Vous avez entendu les Mahatma dire : "aime-toi toi-même". Ils ne vous disent pas de rester devant un miroir toute la journée et de vous adorer ou de vous comparer à un autre : "oh, en fait, je peux vraiment m'aimer parce que je ne peux pas aimer celui-ci, ou celle-là ! Je peux vraiment voir que je suis plus digne d'être aimé qu'eux !" Ce n'est pas cela qu'ils vous montrent. Ils vous invitent à voir l'amour pour ce qu'il est. Il n'est pas un sentiment de souffrance. C'est l'ignorance de l'amour qui est un sentiment de souffrance. Essayer de le saisir et de le garder pour soi, c'est un signe de souffrance et de manque de compréhension. Ignorer ce qu'il est vraiment, c'est encore essayer de le fourrer dans cette petite boîte. Essayer encore de le faire rentrer dans ce petit paramètre, afin que vous puissiez l'emporter partout avec vous et que vous puissiez le faire briller en le portant en bandoulière : "j'ai ceci, j'ai cela." "Je l'ai, et je suis tellement heureux !" "Oh, il s'est rompu !" "Maintenant il est parti et je suis tellement malheureux !" Ce n'est pas cela, l'amour.

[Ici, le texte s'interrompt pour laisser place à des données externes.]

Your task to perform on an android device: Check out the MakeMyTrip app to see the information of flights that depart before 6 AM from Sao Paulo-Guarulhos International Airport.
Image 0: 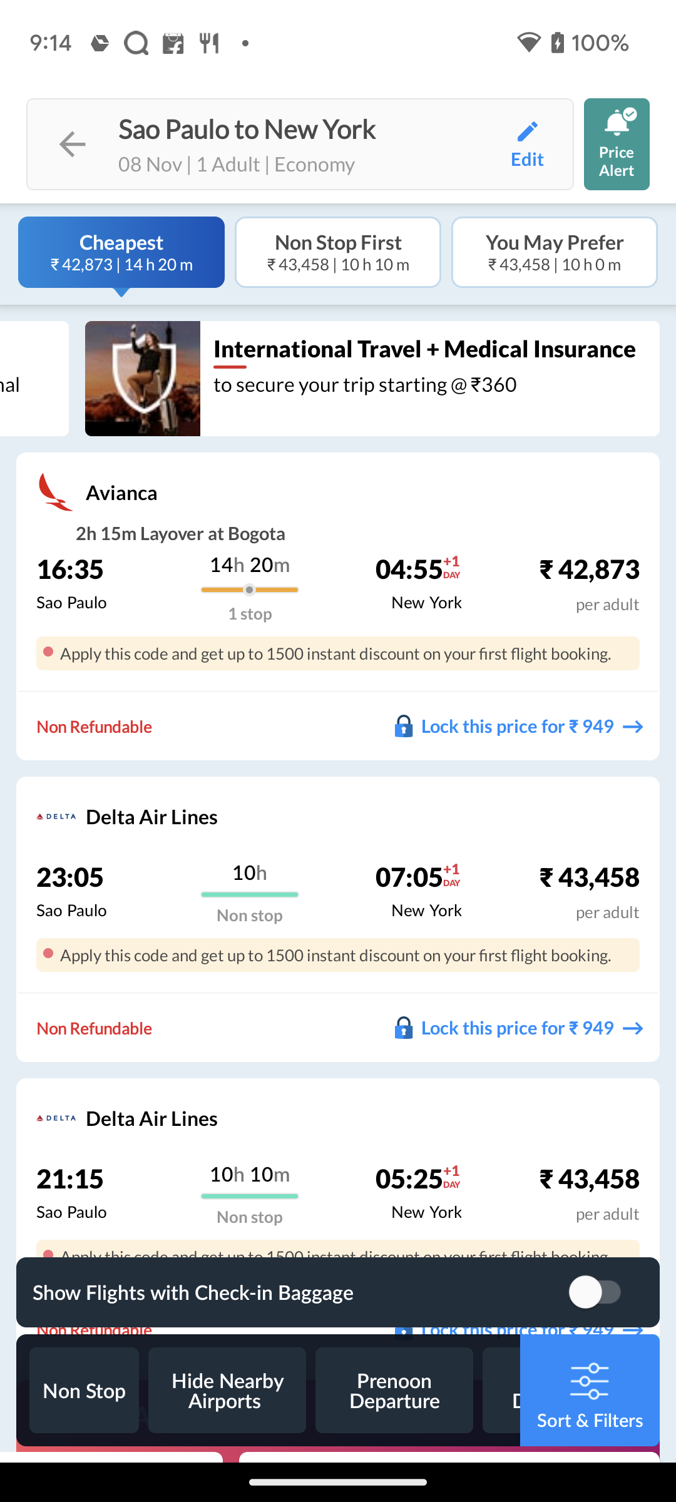
Click on the Sort & Filters option at the bottom right corner of the screen
Step 0: click (581, 1389)
Image 1: 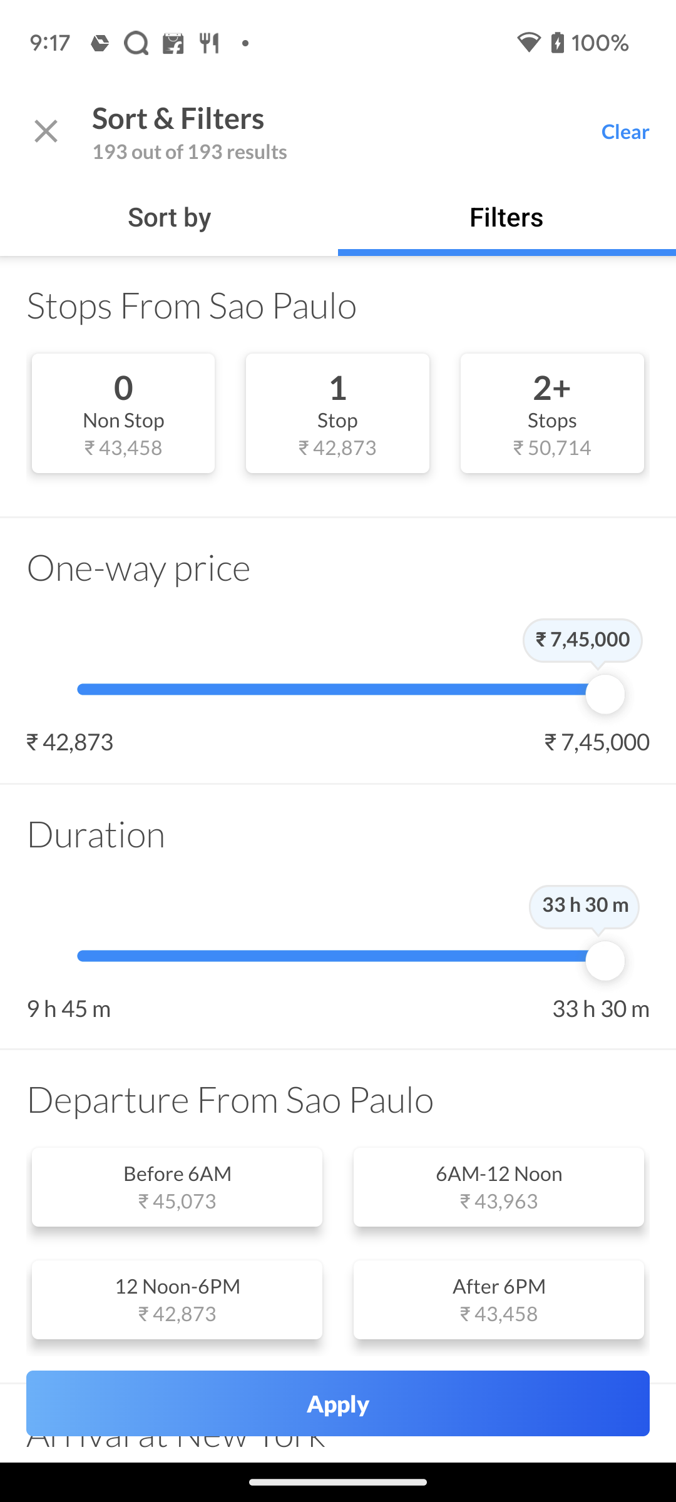
Select Departure Before 6 AM
Step 1: click (177, 1173)
Image 2: 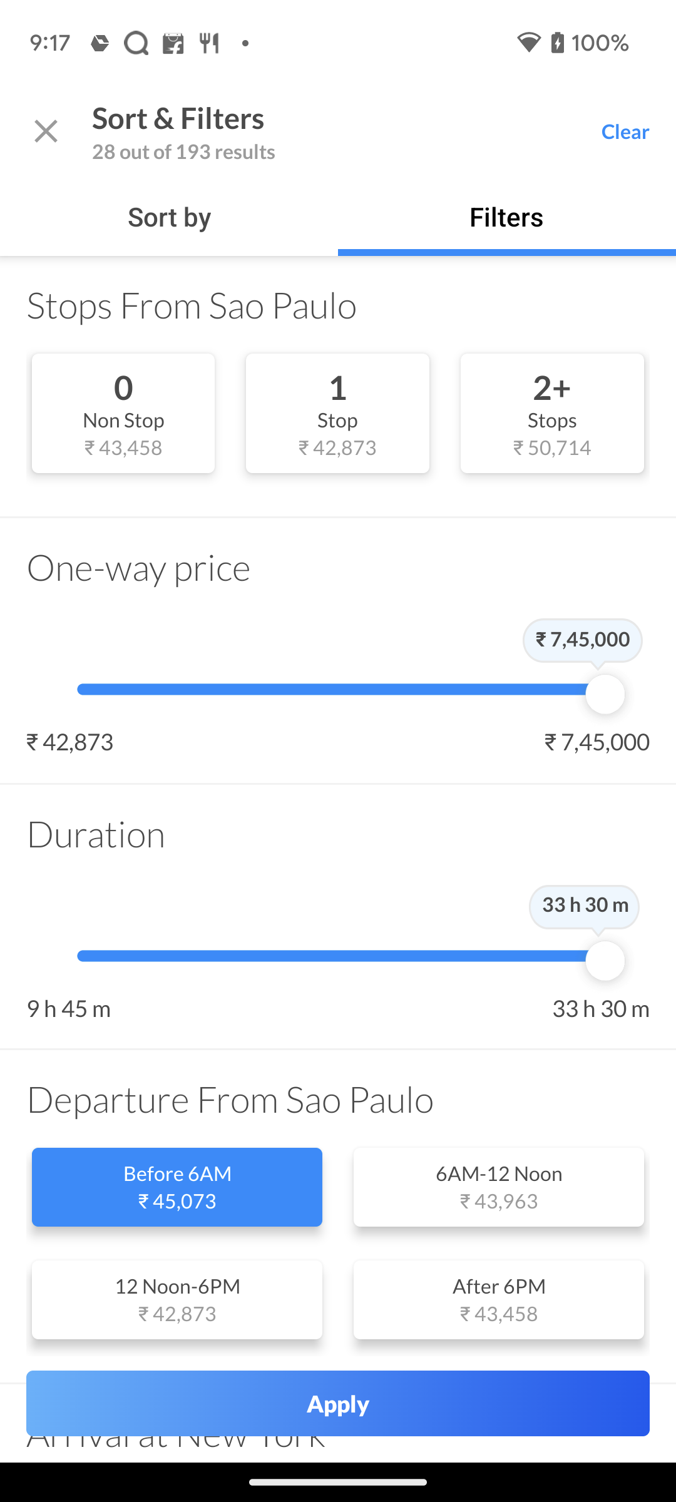
Click on Apply at the bottom of the screen
Step 2: click (394, 1391)
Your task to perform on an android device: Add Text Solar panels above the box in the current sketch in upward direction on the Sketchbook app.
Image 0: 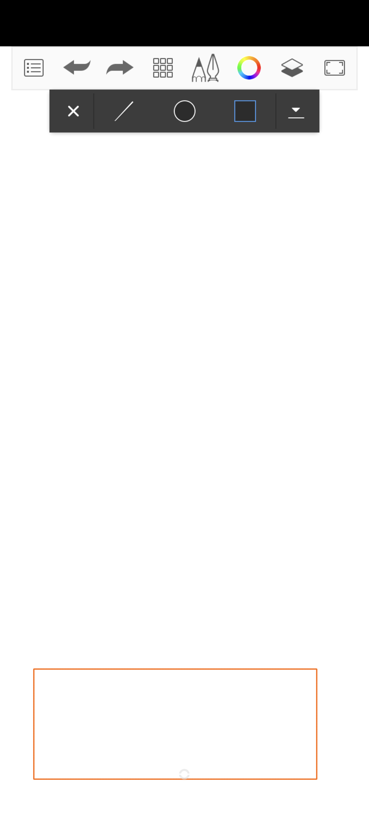
Click on the Grid icon at the top of the screen.
Step 0: click (163, 68)
Image 1: 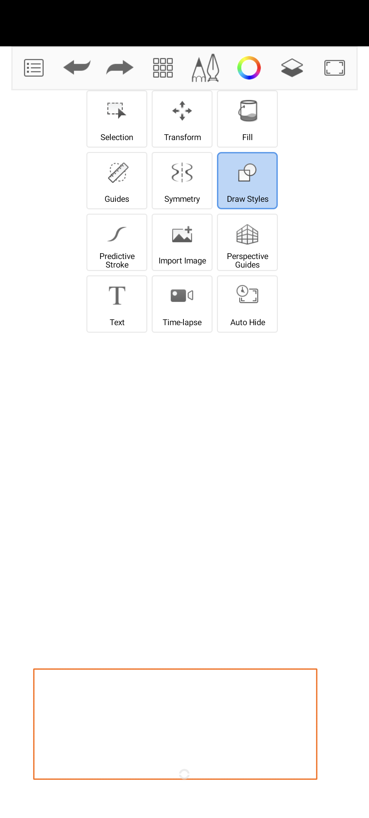
Click on Text.
Step 1: click (116, 296)
Image 2: 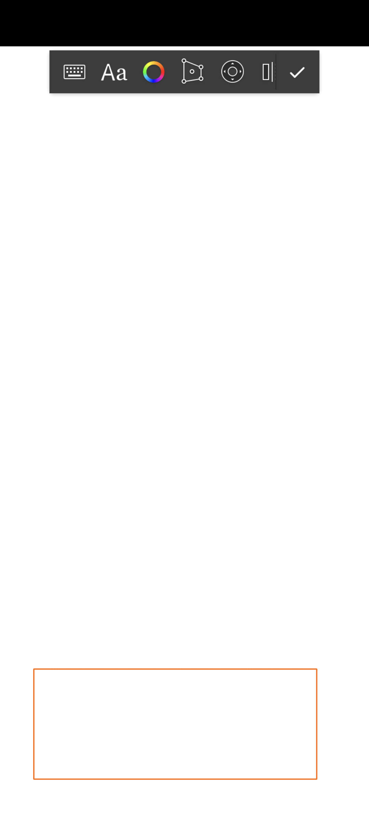
Click on the keyboard icon.
Step 2: click (74, 72)
Image 3: 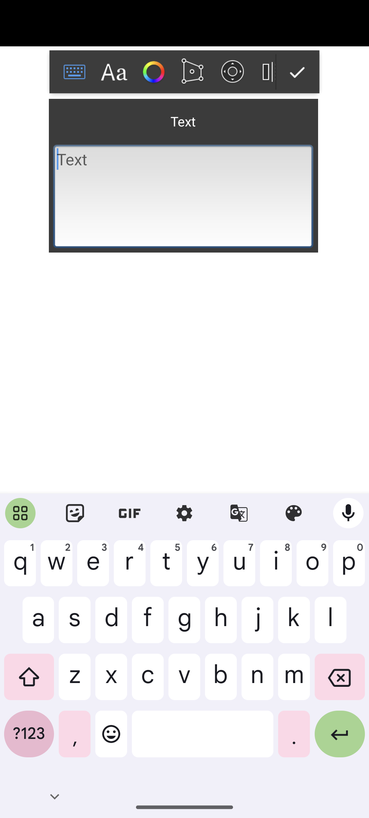
Type in Solar panels.
Step 3: type "Solar Panels"
Image 4: 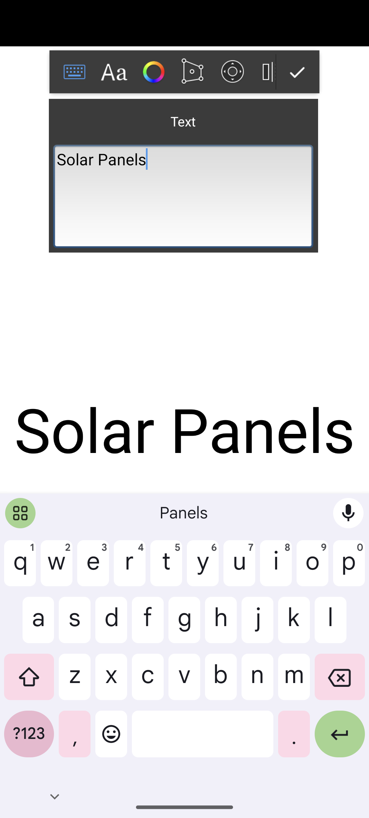
Click on the text.
Step 4: click (173, 424)
Image 5: 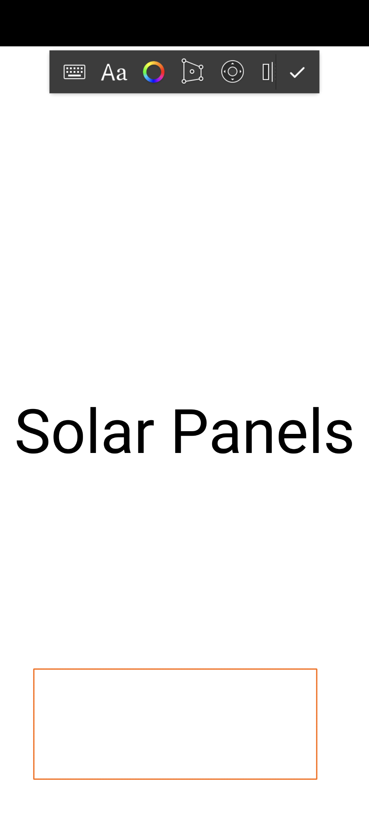
Click on the size icon at the top of the screen.
Step 5: click (193, 72)
Image 6: 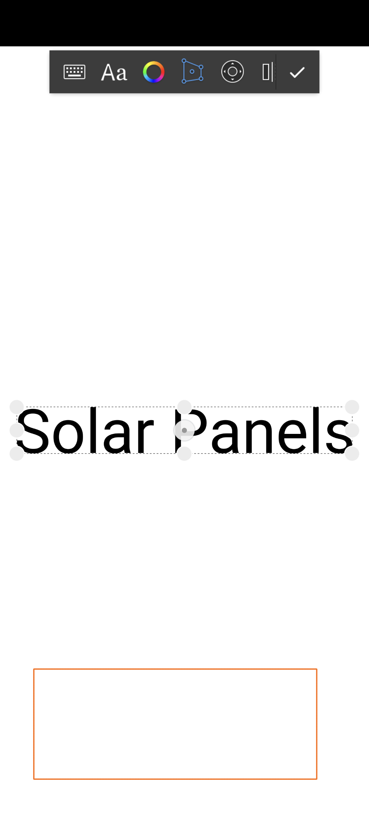
by using swipe from up to down set the text above the box.
Step 6: scroll up
Image 7: 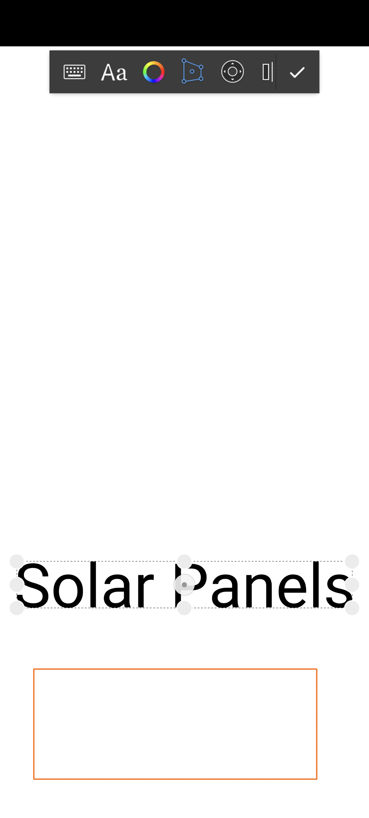
Click on the tick icon at the top of the screen.
Step 7: click (296, 72)

Cela, ce sont nos idées, et ces idées naissent de deux états : l'attente et le désir ; or, l'attente est enracinée dans le désir, elle est en elle-même une sorte de désir. Ce n'est pas un désir comme un désir d'aller quelque part pour boire une tasse de café avec un ami - comme quand on désire, par exemple, une belle journée, attablé devant un rôti bien français ! Ce n'est pas un désir tel que celui-là. L'attente n'est pas le désir de voir bien grandir vos enfants, de les voir devenir bons et autonomes. L'attente n'est pas ce genre de désir. L'attente est ce genre de désir qui dit : "tu dois simplement être comme ceci, et si cela en est autrement, alors, je suis profondément déçu. Je suis vraiment déçu. Je suis déçu de toi". Quand vous avez cette sorte d'énergie d'attente, l'amour est encore dans votre cur, mais vous l'avez complètement ignoré, parce que vous pensez souvent qu'il est emballé comme dans un paquet, dans l'emballage de vos attentes et que ces attentes doivent être comblées. Et que les gens doivent simplement les combler pour vous. Mais l'amour cède. Car c'est une de ses qualités : il cède avec grâce. "Alors, l'amour, cela n'a pas marché comme je le voulais... et alors ?" Et pourtant, l'amour brille. Intact, imperturbable. Si vous avez des attentes et que vous voulez faire l'expérience de l'amour inconditionnel, quand vos attentes se brisent en deux comme un vase se brise, réalisez qu'elles n'ont rien à voir avec l'amour. Cette attente brisée pourrait bien être votre plus grande chance. Car elle peut vous servir, pour vous aider à voir ce qu'est vraiment l'amour. Plutôt que d'entendre le bruit de votre attente qui s'écroule sur le ciment, de lui tourner le dos et de vous geler dans la méfiance. Ce n'est pas la voie d'un yogi. Les yogis sont de véritables guerriers spirituels. Ils sont ceux qui vont arriver au bout du chemin et réaliser que rien n'est tel qu'ils ne l'avaient pensé. Et que tout est simplement ainsi. Alors, on commence à reconnaître, oui vraiment, que l'amour inconditionnel est la nature-même du yogi. Et pas seulement la nature du yogi, mais la nature de tout. Mais qui le réalise ? Celui qui veut l'union. Donc, quand votre attente tombe sur le ciment comme un pot en terre, laissez-la se briser. Ne prenez pas la peine d'en ramasser les morceaux et de pleurer parce qu'ils ne se recollent plus. En vous croisant les bras et en disant : "j'ai encore été trompé ! Est-ce que je connaîtrai un jour l'amour, dans cette vie ?"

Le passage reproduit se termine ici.